Strange Match Endpoint Result - Help Appreciated

Sort:
stephen_33

I'm currently involved in collating the results of the first RR in the TMCL 2018 tournament. The match endpoint API requests I've been making have gone without a hitch & I'm impressed at just how robust that system is. At present I'm not even bothering to trap errors relating to my API server requests & there hasn't been a single failure (out of several hundred), so kudos to the developers!

But I've hit a very small snag regarding the team name for the matches of just one of the groups taking part & it's this one:-

World's Best Chess Players - Лучшие Шахматисты в мире

I'm finding that the string I'm using, copied directly from the group's home page, doesn't correspond to the match endpoint name which is as follows:-

World's Best Chess Players - \u041b\u0443\u0447\u0448\u0438\u0435 \u0428\u0430\u0445\u043c\u0430\u0442\u0438\u0441\u0442\u044b \u0432 \u043c\u0438\u0440\u0435

I recognise the (Russian cyrilic?) unicode character codes used to represent the cyrilic part of the name but I don't understand why this should be giving me a problem. We have a host of teams with names that contain non Latin characters & they're all fine.
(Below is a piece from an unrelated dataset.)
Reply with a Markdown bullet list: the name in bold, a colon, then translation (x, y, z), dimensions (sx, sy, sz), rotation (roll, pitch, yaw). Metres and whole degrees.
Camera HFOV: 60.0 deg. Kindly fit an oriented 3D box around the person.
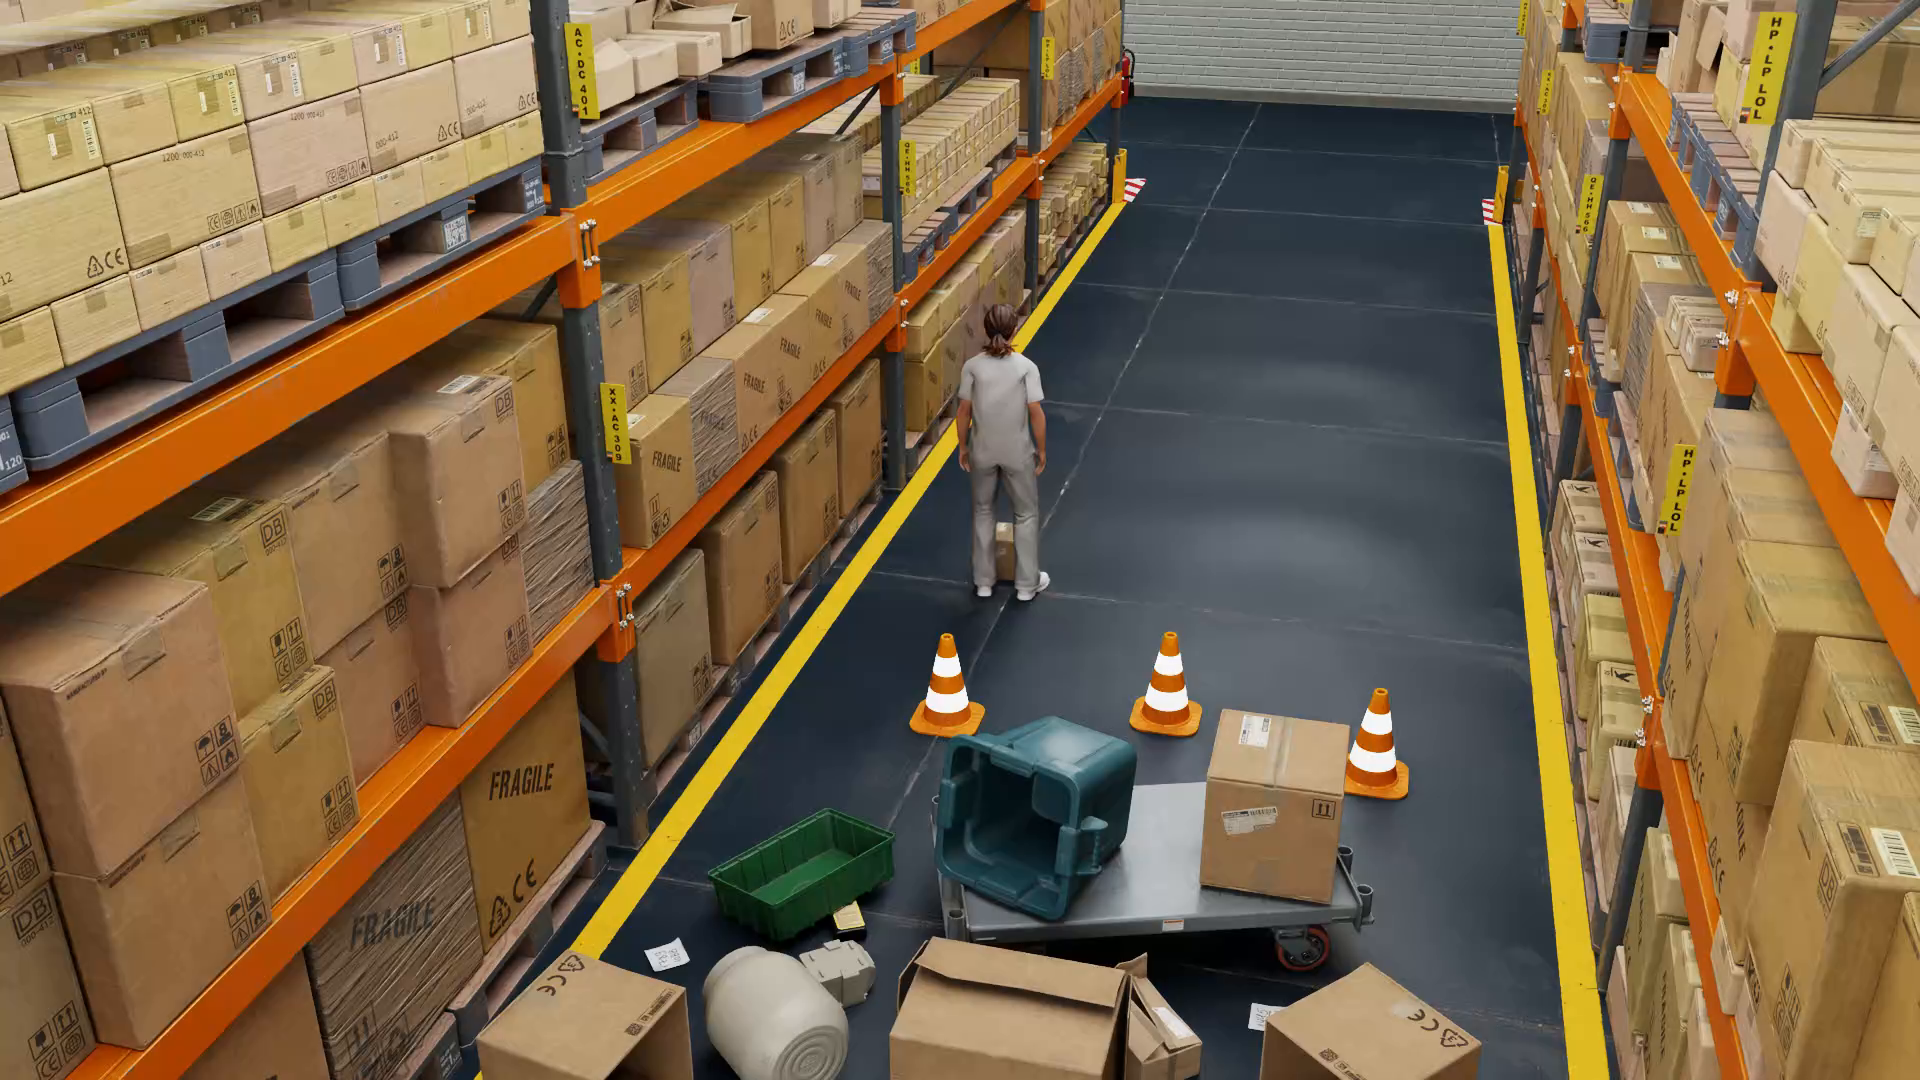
- **person**: translation (0.238, -0.470, 9.102), dimensions (0.514, 1.671, 0.362), rotation (4, 26, 9)

Another puzzle is this - when I do a comparison between the two strings using the command line of my Python (V3) interpreter like this...
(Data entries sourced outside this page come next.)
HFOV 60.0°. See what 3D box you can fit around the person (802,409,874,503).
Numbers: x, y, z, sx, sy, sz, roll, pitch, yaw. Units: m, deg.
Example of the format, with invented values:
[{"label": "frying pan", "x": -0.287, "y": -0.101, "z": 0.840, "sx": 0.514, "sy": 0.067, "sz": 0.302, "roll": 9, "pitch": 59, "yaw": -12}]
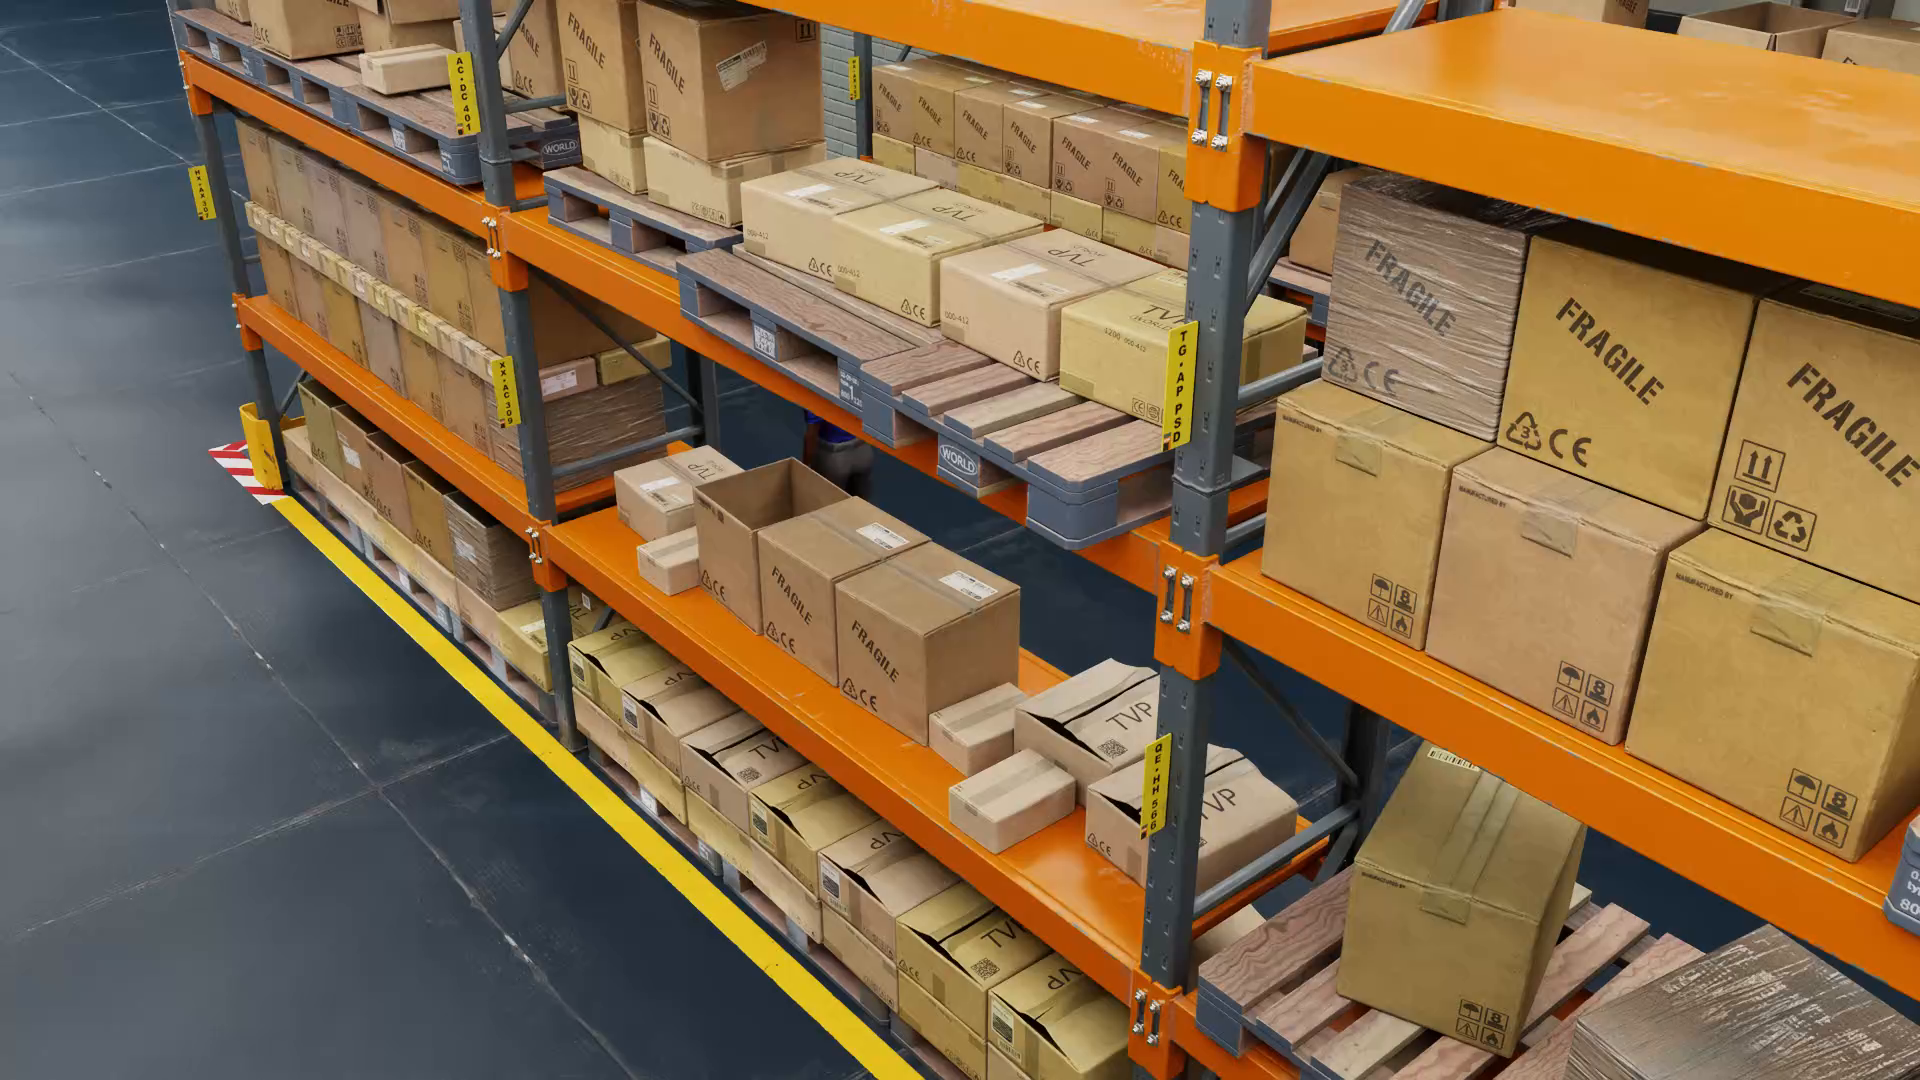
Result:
[{"label": "person", "x": -0.690, "y": -0.463, "z": 9.485, "sx": 0.506, "sy": 1.655, "sz": 0.350, "roll": -22, "pitch": 35, "yaw": -34}]

"World's Best Chess Players - Лучшие Шахматисты в мире" == "World's Best Chess Players - \u041b\u0443\u0447\u0448\u0438\u0435 \u0428\u0430\u0445\u043c\u0430\u0442\u0438\u0441\u0442\u044b \u0432 \u043c\u0438\u0440\u0435"

..the result is True.

It's odd because my Python script is left treating the two names as if they're not the same but it appears to recognise them as the same on the command line, so what's going on?

* This team name involves the same process as the one above but cause no problems..

Захід

From a typical match endpoint for that group: "name":"\u0417\u0430\u0445\u0456\u0434"

skelos

I don't have an answer but am always wary in UTF-8 there are at least two "normal" forms. I gave up on Google's "Go" (golang) project to which I was a contributor because I couldn't in an application rely on comparing strings for equivalence. (They hand waved about library support, and may have done something since. As the "system programming" language also didn't desire to support all OS system calls, I returned to Perl/Python and C.)

I guess being yelled at/told off/disagreed with by Rob Pike is some sort of career achievement, but I'd rather he'd come to see my side of things and made his new language useful.

 

That's a bit off topic: point here is are all Unicode characters and strings always normalised the same way?

stephen_33

I can't answer that last question Giles but I'm guessing there's some incompatibility in one or more of the unicode characters used. As an afterthought I added an example of another name in cyrilic that gets treated in much the same way but works perfectly.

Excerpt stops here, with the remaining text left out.